Bumiputra or Bumiputera (Malay, from Sanskrit Bhumiputra; translated literally, it means "earth-prince"... but it could be transliterated as "son of the soil"), is an official definition widely used in Malaysia, embracing ethnic Malays as well as other indigenous ethnic groups such as the Orang Asli in Peninsular Malaysia and the tribal peoples in Sabah and Sarawak.
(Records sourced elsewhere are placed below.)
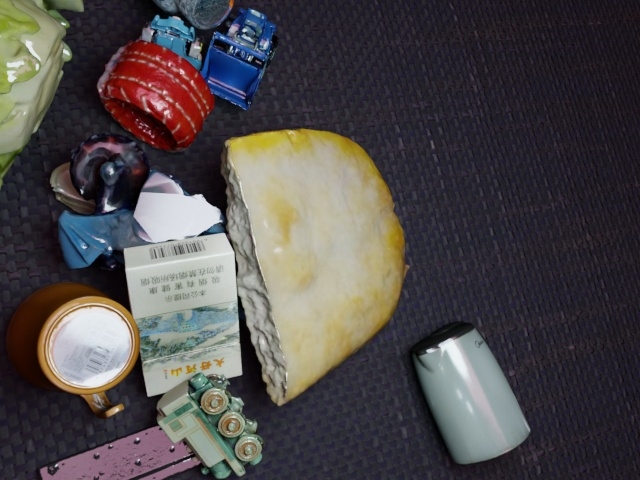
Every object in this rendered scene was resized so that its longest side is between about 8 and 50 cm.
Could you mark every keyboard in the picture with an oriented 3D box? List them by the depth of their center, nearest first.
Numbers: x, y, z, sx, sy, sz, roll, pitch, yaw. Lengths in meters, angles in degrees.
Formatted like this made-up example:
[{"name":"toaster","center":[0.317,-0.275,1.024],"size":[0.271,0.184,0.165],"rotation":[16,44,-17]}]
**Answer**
[{"name":"keyboard","center":[-0.301,0.373,0.976],"size":[0.309,0.018,0.101],"rotation":[-16,82,-21]}]

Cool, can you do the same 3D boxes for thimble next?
[{"name":"thimble","center":[-0.287,-0.252,1.035],"size":[0.163,0.189,0.125],"rotation":[12,70,31]}]

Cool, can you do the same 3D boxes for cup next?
[{"name":"cup","center":[-0.363,0.173,0.883],"size":[0.182,0.264,0.226],"rotation":[-25,98,-30]}]

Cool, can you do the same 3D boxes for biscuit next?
[{"name":"biscuit","center":[-0.001,0.000,1.052],"size":[0.446,0.104,0.429],"rotation":[-25,98,-46]}]

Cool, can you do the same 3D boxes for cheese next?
[{"name":"cheese","center":[-0.391,-0.090,1.035],"size":[0.171,0.047,0.092],"rotation":[14,71,-21]}]

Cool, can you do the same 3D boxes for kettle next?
[{"name":"kettle","center":[0.293,0.278,1.137],"size":[0.221,0.161,0.236],"rotation":[-19,81,-49]}]

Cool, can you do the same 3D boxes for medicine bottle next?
[{"name":"medicine bottle","center":[-0.284,-0.516,1.071],"size":[0.141,0.141,0.293],"rotation":[-36,69,-22]}]

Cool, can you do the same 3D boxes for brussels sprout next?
[{"name":"brussels sprout","center":[-0.588,-0.286,0.853],"size":[0.361,0.342,0.425],"rotation":[22,61,-20]}]

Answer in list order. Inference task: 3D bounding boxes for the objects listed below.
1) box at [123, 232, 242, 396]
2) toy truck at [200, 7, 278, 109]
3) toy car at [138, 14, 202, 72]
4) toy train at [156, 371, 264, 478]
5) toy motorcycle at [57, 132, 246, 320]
[{"name":"box","center":[-0.222,0.125,0.951],"size":[0.164,0.069,0.256],"rotation":[-9,121,-18]},{"name":"toy truck","center":[-0.151,-0.363,1.117],"size":[0.113,0.126,0.208],"rotation":[22,55,-11]},{"name":"toy car","center":[-0.279,-0.376,1.083],"size":[0.126,0.161,0.098],"rotation":[12,64,-14]},{"name":"toy train","center":[-0.180,0.315,0.967],"size":[0.125,0.081,0.194],"rotation":[-31,105,-3]},{"name":"toy motorcycle","center":[-0.270,0.006,1.004],"size":[0.416,0.172,0.232],"rotation":[36,83,-23]}]
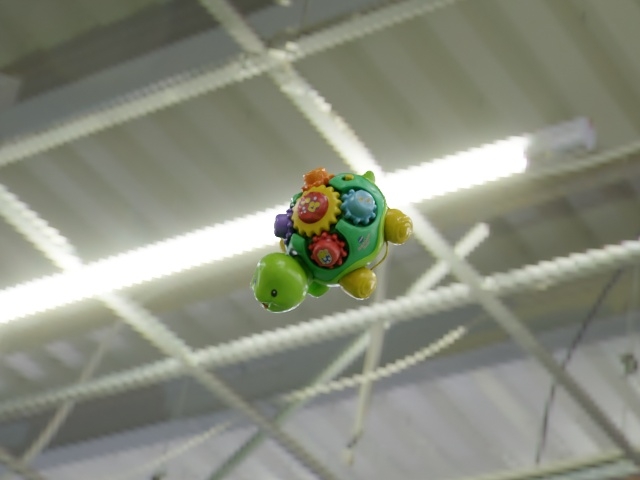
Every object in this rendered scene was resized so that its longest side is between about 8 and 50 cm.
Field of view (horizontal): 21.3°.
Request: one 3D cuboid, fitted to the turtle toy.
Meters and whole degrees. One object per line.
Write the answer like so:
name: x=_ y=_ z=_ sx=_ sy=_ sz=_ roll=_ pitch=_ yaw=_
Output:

Economic policies designed to favour Bumiputras (including affirmative action in public education) were implemented in the 1970s in order to defuse inter-ethnic tensions following the May 13 Incident in 1969, but these have not been fully effective in eradicating poverty among rural bumiputras and have further caused a backlash of resentment on the part of non-bumi ethnic groups.

Contents

The idea of Bumiputra in Malaysia is based on the Federal Constitution of Malaysia, in particular Article 153. However the constitution did not explicitly define the term "bumiputra". It only contains the definitions of "Malay" and "aborigine" (Article 160(2))[1], "natives" of Sarawak (161A(6)(a))[2], and "natives" of Sabah (Article 161A(6)(b))[2]. Thus, the definition of "bumiputra" may vary in different institutions, organizations or other government departments and agencies.
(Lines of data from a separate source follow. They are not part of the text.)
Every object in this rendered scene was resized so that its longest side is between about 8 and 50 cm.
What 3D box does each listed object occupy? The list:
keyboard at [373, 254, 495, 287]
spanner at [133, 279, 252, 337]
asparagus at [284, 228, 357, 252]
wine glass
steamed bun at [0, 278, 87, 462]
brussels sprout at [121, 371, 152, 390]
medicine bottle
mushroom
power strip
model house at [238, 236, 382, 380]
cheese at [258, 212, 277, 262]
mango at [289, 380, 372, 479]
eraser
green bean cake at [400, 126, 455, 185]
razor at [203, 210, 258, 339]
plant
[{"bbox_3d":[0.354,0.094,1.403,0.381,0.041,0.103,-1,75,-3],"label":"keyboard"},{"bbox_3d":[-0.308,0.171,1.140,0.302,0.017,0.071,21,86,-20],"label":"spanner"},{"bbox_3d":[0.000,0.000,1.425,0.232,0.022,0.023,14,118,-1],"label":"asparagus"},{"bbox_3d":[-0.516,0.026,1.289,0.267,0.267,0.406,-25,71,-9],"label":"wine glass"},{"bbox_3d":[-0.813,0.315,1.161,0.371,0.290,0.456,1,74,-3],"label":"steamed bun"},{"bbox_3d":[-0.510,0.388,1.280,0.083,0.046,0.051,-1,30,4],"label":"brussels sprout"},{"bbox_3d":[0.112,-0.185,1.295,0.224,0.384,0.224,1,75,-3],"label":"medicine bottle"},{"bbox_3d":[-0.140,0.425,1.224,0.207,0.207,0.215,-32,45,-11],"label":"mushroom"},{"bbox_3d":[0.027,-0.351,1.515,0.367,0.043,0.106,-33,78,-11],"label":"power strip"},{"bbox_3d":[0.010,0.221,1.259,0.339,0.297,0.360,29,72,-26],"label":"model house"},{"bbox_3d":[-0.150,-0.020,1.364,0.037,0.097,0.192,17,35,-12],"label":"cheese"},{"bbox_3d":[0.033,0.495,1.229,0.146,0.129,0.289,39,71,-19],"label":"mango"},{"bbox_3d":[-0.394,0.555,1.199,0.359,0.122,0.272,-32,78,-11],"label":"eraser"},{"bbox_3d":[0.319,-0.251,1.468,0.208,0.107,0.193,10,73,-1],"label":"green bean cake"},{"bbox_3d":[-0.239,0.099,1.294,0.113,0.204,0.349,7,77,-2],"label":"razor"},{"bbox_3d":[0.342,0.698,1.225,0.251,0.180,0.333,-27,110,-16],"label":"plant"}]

According to the book entitled "Buku Panduan Kemasukan ke Institusi Pengajian Tinggi Awam, Program Pengajian Lepasan SPM/Setaraf Sesi Akademik 2007/2008" (Guidebook for entry into public higher learning institutions for SPM/equivalent graduates for academic year 2007/2008), by Student Entry Management under Management Department of Higher Education Institution, Malaysian Higher Education Ministry, the definition of Bumiputra are as follows:

  1. Peninsular Malaysia
    • "If one of the parents is Muslim Malay or Orang Asli as stated in Article 160 (2) Federal Constitution of Malaysia; thus the child is considered as a Bumiputra"
  2. Sabah
    • "If a father is a Muslim Malay or indigenous native of Sabah as stated in Article 160A (6)(a) Federal Constitution of Malaysia; thus his child is considered as a Bumiputra"
  3. Sarawak
    • "If both of the parent are indigenous native of Sarawak as stated in Article 160A (6)(b) Federal Constitution of Malaysia; thus their child is considered as a Bumiputra"
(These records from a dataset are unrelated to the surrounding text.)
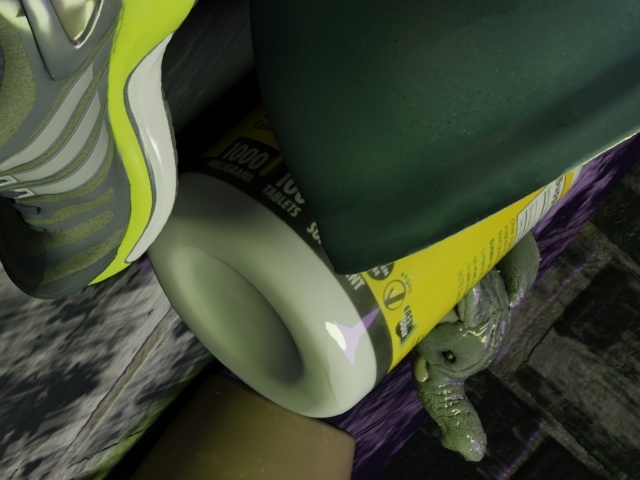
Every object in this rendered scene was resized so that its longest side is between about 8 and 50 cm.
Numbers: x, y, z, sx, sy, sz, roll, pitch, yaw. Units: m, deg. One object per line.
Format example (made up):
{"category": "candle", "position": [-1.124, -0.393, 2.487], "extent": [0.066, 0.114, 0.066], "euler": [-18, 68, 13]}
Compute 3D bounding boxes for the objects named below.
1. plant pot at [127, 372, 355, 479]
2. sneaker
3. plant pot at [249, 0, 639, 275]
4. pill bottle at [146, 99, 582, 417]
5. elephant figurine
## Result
{"category": "plant pot", "position": [-0.078, 0.252, 1.607], "extent": [0.229, 0.263, 0.263], "euler": [-65, 169, -5]}
{"category": "sneaker", "position": [-0.133, -0.063, 0.752], "extent": [0.121, 0.111, 0.300], "euler": [-31, 156, -25]}
{"category": "plant pot", "position": [0.081, -0.144, 0.872], "extent": [0.293, 0.196, 0.293], "euler": [-31, -174, 4]}
{"category": "pill bottle", "position": [0.057, -0.055, 1.189], "extent": [0.334, 0.188, 0.188], "euler": [-44, 167, -25]}
{"category": "elephant figurine", "position": [0.104, 0.034, 1.499], "extent": [0.169, 0.239, 0.186], "euler": [-44, 167, -20]}

In Malaysia, by convention, it is generally considered that all Malays are Bumiputras and many consider that all Bumiputras are Malay, but in Sabah, it is well understood that Bumiputras need not be Malay. However, as the definitions above indicate there are cases of non-Malays declared as Bumiputra, and similarly of non-Muslim Malays who are considered Bumiputra. Other indigenous groups are included as Bumiputra including the Iban and other Bornean groups. However, the definition of Bumiputra appears to also include Muslim Indians, Portuguese and some Kristang people.

This confusion is compounded by the fact that different ministries of the government may have different definitions themselves. What is clear is that preferential treatment of Bumiputras versus other races is entrenched in the Malaysian Constitution.

Bumiputras are given special rights in the constitution after the Malays agreed to share political power with minorities, including the Chinese, in what is termed the social contract, as a prerequisite to gaining independence from British rule. Many of the non-Malays at that time were first and second generation migrants who had been brought by the British to fill colonial manpower needs as indentured labourers, a form of limited-term post-emancipation slavery, and the Malay leaders felt were in danger of a situation where they were close to being a minority race in their own country. Article 153 of the Constitution states that:

It shall be the responsibility of the Yang di-Pertuan Agong to safeguard the special position of the Malays and natives of any of the States of Sabah and Sarawak and the legitimate interests of other communities in accordance with the provisions of this Article.

Article 160 defines a Malay as being one who "professes the religion of Islam, habitually speaks the Malay language, conforms to Malay customs and is the child of at least one parent who was born within the Federation of Malaysia before independence of Malaya on the 31st of August 1957".

The term of this special position has been disputed; the Reid Commission which drafted the Constitution initially proposed that Article 153 expire after 15 years unless renewed by Parliament. This was later struck from the final draft. After the May 13 Incident in 1969, there was an argument within the government concerning whether the special position of the Bumiputras ought to have a sunset clause. Ismail Abdul Rahman argued that "the question be left to the Malays themselves because ... as more and more Malays became educated and gained self-confidence, they themselves would do away with this 'special position'." Ismail himself viewed the special position as "a slur on the ability of the Malays".[3] In 1970, however, one member of the Cabinet pronounced that Malay special rights would remain for "hundreds of years to come".[4] Despite calls from the current Prime Minister of Malaysia, Abdullah Ahmad Badawi and his predecessor, Dr.Mahathir bin Mohamad for Malays to depend less on Government handouts and subsidies there is no evidence to show that the special privileges enjoyed by the Bumiputra will be taken away any time soon or at all. On the contrary there has been calls for the privileges to be expanded and extended to cover more areas of their daily lives.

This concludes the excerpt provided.